Work to complete =>
Give only the count of lines that contain "agent" in the material.

[[ Input, beginning ]]

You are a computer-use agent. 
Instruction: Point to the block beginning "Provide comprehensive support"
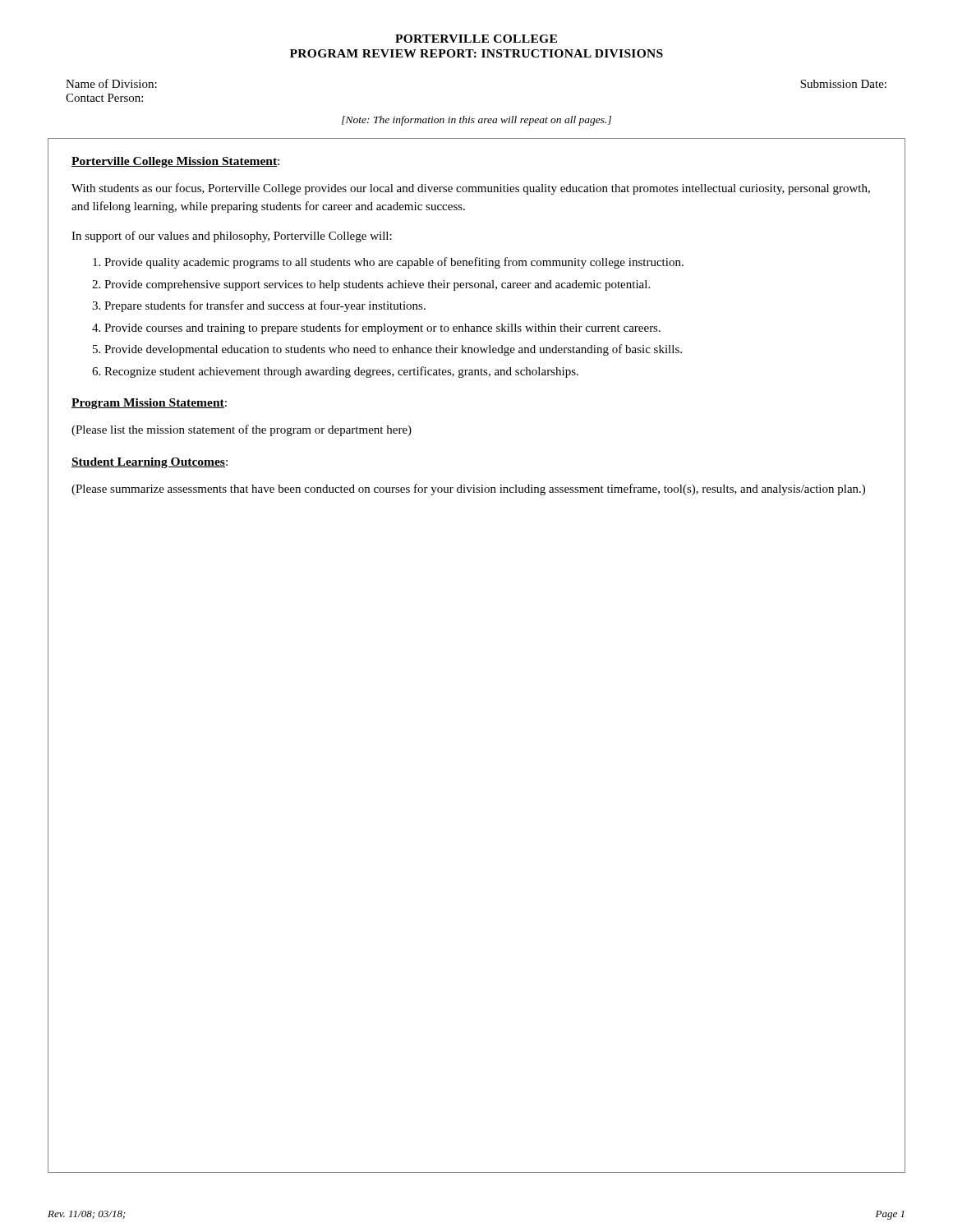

[[ Input, end ]]
[[ Input, beginning ]]

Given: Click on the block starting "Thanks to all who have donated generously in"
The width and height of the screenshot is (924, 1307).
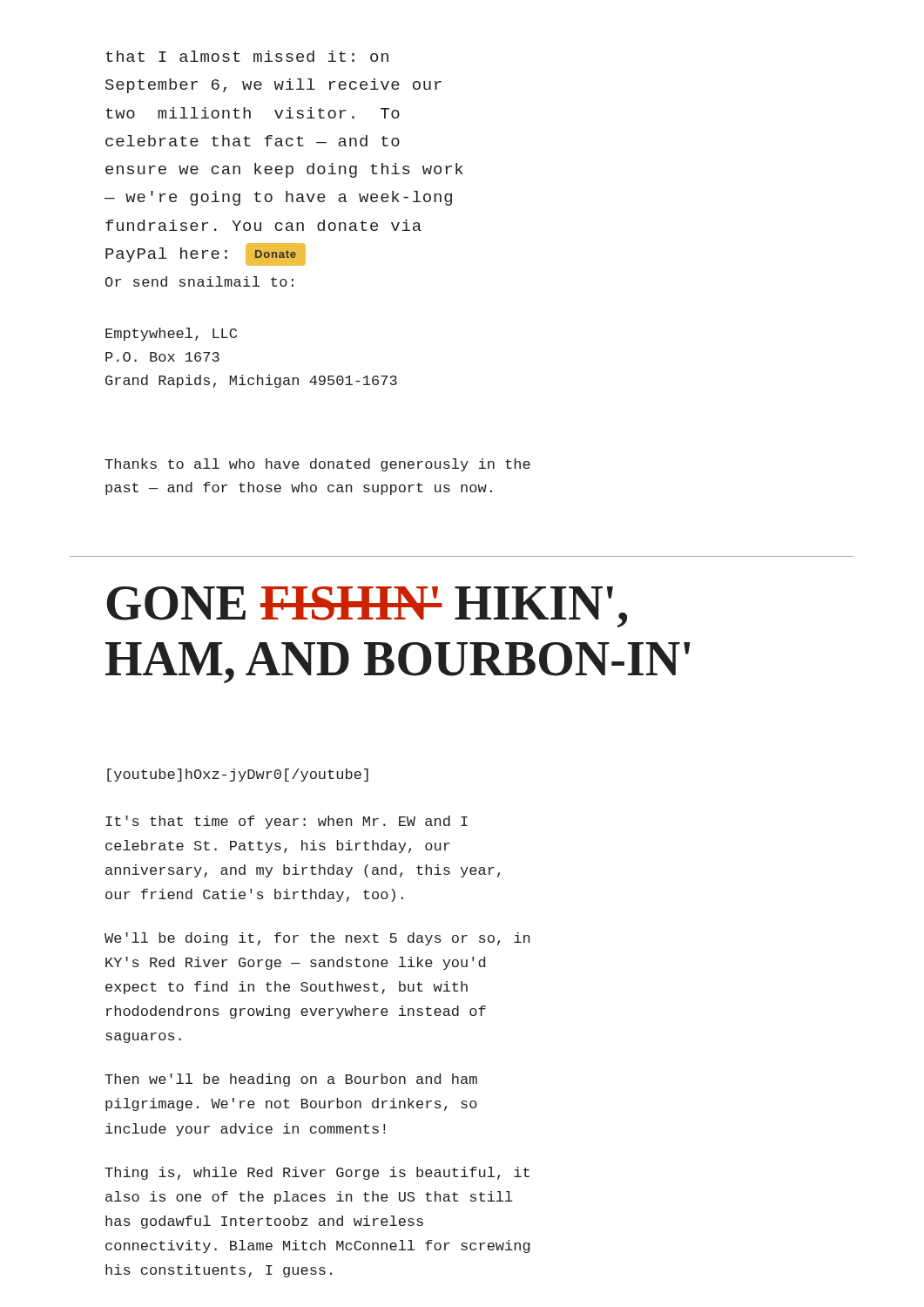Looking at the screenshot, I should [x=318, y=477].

[[ Input, end ]]
[[ Input, beginning ]]

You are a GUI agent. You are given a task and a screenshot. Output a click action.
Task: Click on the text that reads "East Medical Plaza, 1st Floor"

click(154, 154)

[[ Input, end ]]

Solved problem =>
2